Some Secrets Of HFT Revealed

The Brogaard study has been waved around in the HFT world for months now as it proclaims that HFT “activities are not detrimental to non-HFTs and that HFT tends to improve market quality.” Prof. Brogaard is hailed as some sort of champion in the HFT world and his paper “High Frequency Trading and Its Impact on Market Quality” is quoted from in almost every pro-HFT hit piece. A few months back, we took some time to point out a few facts about this study that most pro-HFT types seem to have missed

Anyway, we happened to find a new piece that Prof. Brogaard has published as part of the UK Foresight project titled “High Frequency Trading, Information and Profits.” Read Paper Here After reviewing this paper, something tells us that the pro-HFT crowd won’t be waving this Brogaard paper around much.

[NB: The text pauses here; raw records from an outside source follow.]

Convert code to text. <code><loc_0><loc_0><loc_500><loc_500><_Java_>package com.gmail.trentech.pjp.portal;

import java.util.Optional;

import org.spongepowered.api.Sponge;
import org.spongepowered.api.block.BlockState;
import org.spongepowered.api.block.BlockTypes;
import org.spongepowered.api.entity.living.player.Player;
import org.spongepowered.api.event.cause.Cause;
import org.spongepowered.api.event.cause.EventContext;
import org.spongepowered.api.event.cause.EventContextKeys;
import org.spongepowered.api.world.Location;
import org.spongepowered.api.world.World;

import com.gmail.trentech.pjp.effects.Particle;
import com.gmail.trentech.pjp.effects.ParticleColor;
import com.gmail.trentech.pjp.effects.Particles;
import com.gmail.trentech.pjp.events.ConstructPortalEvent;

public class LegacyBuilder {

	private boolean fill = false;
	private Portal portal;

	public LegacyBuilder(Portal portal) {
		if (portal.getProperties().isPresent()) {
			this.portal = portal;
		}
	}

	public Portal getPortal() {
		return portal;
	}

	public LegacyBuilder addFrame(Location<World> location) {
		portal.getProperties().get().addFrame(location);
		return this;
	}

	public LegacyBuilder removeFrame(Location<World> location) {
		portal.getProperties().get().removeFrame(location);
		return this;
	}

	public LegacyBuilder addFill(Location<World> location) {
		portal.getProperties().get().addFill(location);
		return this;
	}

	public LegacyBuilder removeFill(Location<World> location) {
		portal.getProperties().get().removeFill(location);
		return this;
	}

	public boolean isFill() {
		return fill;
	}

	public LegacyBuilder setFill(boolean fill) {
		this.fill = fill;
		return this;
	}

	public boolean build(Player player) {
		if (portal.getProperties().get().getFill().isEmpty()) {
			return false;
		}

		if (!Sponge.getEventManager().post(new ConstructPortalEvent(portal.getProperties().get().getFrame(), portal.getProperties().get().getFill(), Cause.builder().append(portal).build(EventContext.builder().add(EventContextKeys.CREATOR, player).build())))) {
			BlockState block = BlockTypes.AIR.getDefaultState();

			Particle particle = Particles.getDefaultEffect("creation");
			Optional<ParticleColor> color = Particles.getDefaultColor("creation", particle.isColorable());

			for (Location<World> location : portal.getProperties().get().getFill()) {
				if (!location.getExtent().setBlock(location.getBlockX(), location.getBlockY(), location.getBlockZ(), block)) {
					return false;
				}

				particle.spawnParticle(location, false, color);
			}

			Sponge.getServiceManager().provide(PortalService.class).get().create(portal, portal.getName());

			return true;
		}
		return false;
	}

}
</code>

In this paper, Prof. Brogaard reveals a few HFT secrets about how they derive their profits. “Information drives HFT activity” says Prof Brogaard. Well, no surprise there. But what type of information? Let’s see what Prof. Brogaard says:

“The information subcategories include order book dynamics, trade dynamics, past stock returns, cross stock correlations, cross asset correlations, and cross exchange information delays. Other types of information that may be illegitimately obtained or created could result from front running, quote stuffing, or layering.”

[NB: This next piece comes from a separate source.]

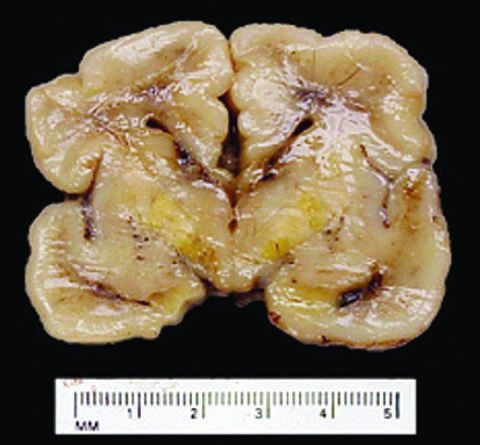s the blood-brain barrier less developed in the neonatal period than it is in adulthood?
Answer the question using a single word or phrase. Yes 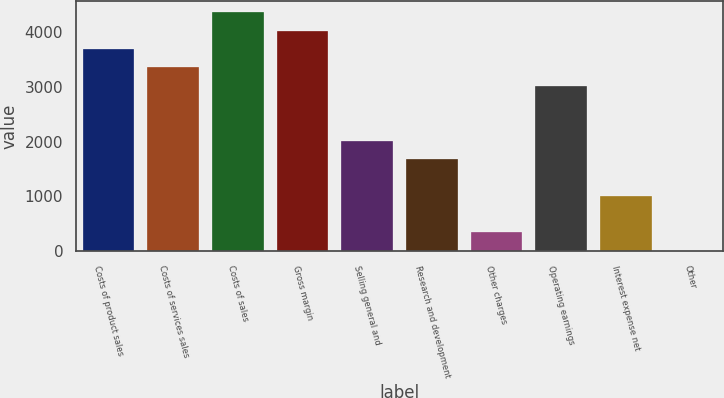Convert chart. <chart><loc_0><loc_0><loc_500><loc_500><bar_chart><fcel>Costs of product sales<fcel>Costs of services sales<fcel>Costs of sales<fcel>Gross margin<fcel>Selling general and<fcel>Research and development<fcel>Other charges<fcel>Operating earnings<fcel>Interest expense net<fcel>Other<nl><fcel>3690.6<fcel>3356<fcel>4359.8<fcel>4025.2<fcel>2017.6<fcel>1683<fcel>344.6<fcel>3021.4<fcel>1013.8<fcel>10<nl></chart>

Now that is quite a statement. Let’s look at a few subcategories:

Order book dynamics – think of this as the jet fuel that runs the HFT supercomputers. Private data feeds that are supplied by the exchanges contain all sorts of nuggets that the HFT’s can use to sniff out the “real” order flow. Prof. Brogaard has this to say:

“Beyond the number of orders on each side of the book, the proximity of those orders to the best bid and offer can be informative. In addition, the size of the orders as well as the sequence of orders, the cancellation of orders, time the order is active, time before the order is crossed and whether orders are displayed or hidden may be used to detect the buy and sell interests of traders.”

Trade Dynamics – here the HFT is not just looking at the consolidated tape and checking for time and sales. The HFT is using information in the data feeds to help him deconstruct what type of trade occurred. Prof Brogaard says:

“In addition, the size of past trades, the time between trades, which exchange those trades occurred on, the trades’ time of day, and the number of trades in a given period can provide predictive information regarding asset prices.”

Cross exchange information delays – we refer to this as Latency Arbitrage and wrote an entire white paper dedicated to it Read Paper Here To sum it up briefly, the fragmentation of the equity markets has created near risk free profits for those fast enough to take advantage of the differences in speed. Prof. Brogaard pretty much validates our paper with this statement:

“The different trading venues can lead to differences in data reporting between the exchange data and the consolidated tape data. This difference can give those with the exchange data feeds notice of trades prior to market participants who only monitor the consolidated tape. Such a speed of information differential may provide HFTrs information that is useful in determining forthcoming buying or selling.”


Prof Brogaard seems to be concerned that the regulators and the institutional and retail investors that HFT has been stealing from over the past few years are starting to figure out the game. He seems to be worried that the HFT profit machine which funds countless lobbyists and academic studies may soon be coming to an end:

“The avenues by which HFTrs obtain information that drives their trading strategies are limited. Some types of information over the next ten years may be more difficult to detect. For example, order book dynamics as well as trade and price dynamics may become less informative of future trading opportunities. This follows from the likelihood that smaller institutional investors will either learn that they are indirectly providing valuable future price information through their patterned trades and quotes or that the cost of algorithmic randomization services will decrease so they become worthwhile for smaller firms to use.”

The only question that we have is – what the heck are they going to do with all those server farms now?